J Clin Oncol. 1993 Jul;11(7):1306-10. doi: 10.1200/JCO.1993.11.7.1306.
To compare the use of intravenous (IV) hydration plus either continuous bladder irrigation or mesna for the prevention of hemorrhagic cystitis in the bone marrow transplant setting.
Two hundred patients were prospectively randomized to receive either continuous bladder irrigation with 200 mL/h of normal saline, or continuous infusion mesna at 100% of the cyclophosphamide dose.
The overall incidence of hematuria of any grade was significantly higher in the bladder-irrigation group (76%) compared with the mesna group (53%) (P = .007). However, the incidence of grade III and IV hematuria was the same in both groups (18%; P = NS). Moderate or severe discomfort or bladder spasms were reported in 84% of the patients who received bladder irrigation, compared with 2% of the patients who received mesna prophylaxis (P < .0001). Urinary tract infections (UTIs) were documented in 27% of the patients in the bladder-irrigation group, compared with 14% of the patients in the mesna group (P = .03).

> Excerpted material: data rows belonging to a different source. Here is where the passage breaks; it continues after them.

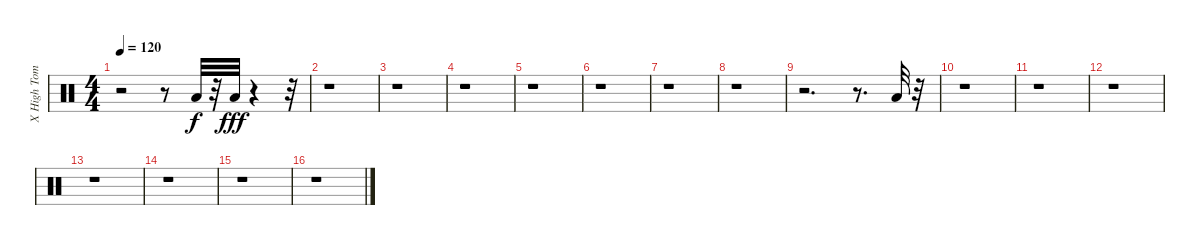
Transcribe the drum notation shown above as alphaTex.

\track ("X High Tom          " "X High Tom") {instrument percussion}
\staff {score}
\articulation defaults
\ts (4 4)
\tempo 120
\clef neutral
\ks c
r.2{dy fff} r.8 "Low Tom (hit)".32{dy f} r.32 "Low Tom (hit)".32{dy fff} r.4 r.32 |
r.1 |
r.1 |
r.1 |
r.1 |
r.1 |
r.1 |
r.1 |
r.2{d} r.8{d} "Low Tom (hit)".32 r.32 |
r.1 |
r.1 |
r.1 |
r.1 |
r.1 |
r.1 |
r.1
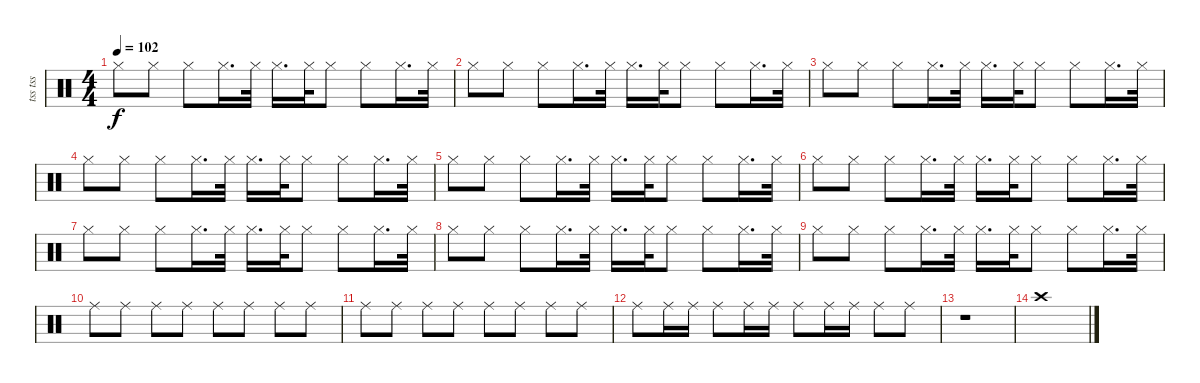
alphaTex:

\track ("tss tss" "tss tss") {instrument percussion}
\staff {score}
\articulation defaults
\ts (4 4)
\tempo 102
\clef neutral
\ks c "Hi-Hat (closed)".8{dy f} "Hi-Hat (closed)".8 "Hi-Hat (closed)".8 "Hi-Hat (closed)".16{d} "Hi-Hat (closed)".32 "Hi-Hat (closed)".16{d} "Hi-Hat (closed)".32 "Hi-Hat (closed)".8 "Hi-Hat (closed)".8 "Hi-Hat (closed)".16{d} "Hi-Hat (closed)".32
|
"Hi-Hat (closed)".8 "Hi-Hat (closed)".8 "Hi-Hat (closed)".8 "Hi-Hat (closed)".16{d} "Hi-Hat (closed)".32 "Hi-Hat (closed)".16{d} "Hi-Hat (closed)".32 "Hi-Hat (closed)".8 "Hi-Hat (closed)".8 "Hi-Hat (closed)".16{d} "Hi-Hat (closed)".32 |
"Hi-Hat (closed)".8 "Hi-Hat (closed)".8 "Hi-Hat (closed)".8 "Hi-Hat (closed)".16{d} "Hi-Hat (closed)".32 "Hi-Hat (closed)".16{d} "Hi-Hat (closed)".32 "Hi-Hat (closed)".8 "Hi-Hat (closed)".8 "Hi-Hat (closed)".16{d} "Hi-Hat (closed)".32 |
"Hi-Hat (closed)".8 "Hi-Hat (closed)".8 "Hi-Hat (closed)".8 "Hi-Hat (closed)".16{d} "Hi-Hat (closed)".32 "Hi-Hat (closed)".16{d} "Hi-Hat (closed)".32 "Hi-Hat (closed)".8 "Hi-Hat (closed)".8 "Hi-Hat (closed)".16{d} "Hi-Hat (closed)".32 |
"Hi-Hat (closed)".8 "Hi-Hat (closed)".8 "Hi-Hat (closed)".8 "Hi-Hat (closed)".16{d} "Hi-Hat (closed)".32 "Hi-Hat (closed)".16{d} "Hi-Hat (closed)".32 "Hi-Hat (closed)".8 "Hi-Hat (closed)".8 "Hi-Hat (closed)".16{d} "Hi-Hat (closed)".32 |
"Hi-Hat (closed)".8 "Hi-Hat (closed)".8 "Hi-Hat (closed)".8 "Hi-Hat (closed)".16{d} "Hi-Hat (closed)".32 "Hi-Hat (closed)".16{d} "Hi-Hat (closed)".32 "Hi-Hat (closed)".8 "Hi-Hat (closed)".8 "Hi-Hat (closed)".16{d} "Hi-Hat (closed)".32 |
"Hi-Hat (closed)".8 "Hi-Hat (closed)".8 "Hi-Hat (closed)".8 "Hi-Hat (closed)".16{d} "Hi-Hat (closed)".32 "Hi-Hat (closed)".16{d} "Hi-Hat (closed)".32 "Hi-Hat (closed)".8 "Hi-Hat (closed)".8 "Hi-Hat (closed)".16{d} "Hi-Hat (closed)".32 |
"Hi-Hat (closed)".8 "Hi-Hat (closed)".8 "Hi-Hat (closed)".8 "Hi-Hat (closed)".16{d} "Hi-Hat (closed)".32 "Hi-Hat (closed)".16{d} "Hi-Hat (closed)".32 "Hi-Hat (closed)".8 "Hi-Hat (closed)".8 "Hi-Hat (closed)".16{d} "Hi-Hat (closed)".32 |
"Hi-Hat (closed)".8 "Hi-Hat (closed)".8 "Hi-Hat (closed)".8 "Hi-Hat (closed)".16{d} "Hi-Hat (closed)".32 "Hi-Hat (closed)".16{d} "Hi-Hat (closed)".32 "Hi-Hat (closed)".8 "Hi-Hat (closed)".8 "Hi-Hat (closed)".16{d} "Hi-Hat (closed)".32 |
"Ride (middle)".8 "Ride (middle)".8 "Ride (middle)".8 "Ride (middle)".8 "Ride (middle)".8 "Ride (middle)".8 "Ride (middle)".8 "Ride (middle)".8 |
"Ride (middle)".8 "Ride (middle)".8 "Ride (middle)".8 "Ride (middle)".8 "Ride (middle)".8 "Ride (middle)".8 "Ride (middle)".8 "Ride (middle)".8 |
"Ride (middle)".8 "Ride (middle)".16 "Ride (middle)".16 "Ride (middle)".8 "Ride (middle)".16 "Ride (middle)".16 "Ride (middle)".8 "Ride (middle)".16 "Ride (middle)".16 "Ride (middle)".8 "Ride (middle)".8 |
r.1 |
"Crash high (hit)".1

Both continuous bladder irrigation and mesna were equally effective in preventing severe hemorrhagic cystitis associated with high-dose cyclophosphamide and bone marrow transplantation. However, the use of mesna was associated with significantly less discomfort and a lower incidence of UTIs.
比较静脉补液联合持续膀胱冲洗或美司钠在骨髓移植中预防出血性膀胱炎的应用效果。
200例患者被前瞻性随机分组,分别接受以200毫升/小时的速度持续膀胱冲洗生理盐水,或按环磷酰胺剂量的100%持续输注美司钠。
膀胱冲洗组任何级别的血尿总体发生率(76%)显著高于美司钠组(53%)(P = .007)。然而,两组III级和IV级血尿的发生率相同(18%;P = 无显著差异)。接受膀胱冲洗的患者中有84%报告有中度或重度不适或膀胱痉挛,而接受美司钠预防的患者中这一比例为2%(P < .0001)。膀胱冲洗组27%的患者记录有尿路感染,美司钠组为14%(P = .03)。
持续膀胱冲洗和美司钠在预防与高剂量环磷酰胺及骨髓移植相关的严重出血性膀胱炎方面同样有效。然而,使用美司钠时不适症状明显较少,尿路感染发生率也较低。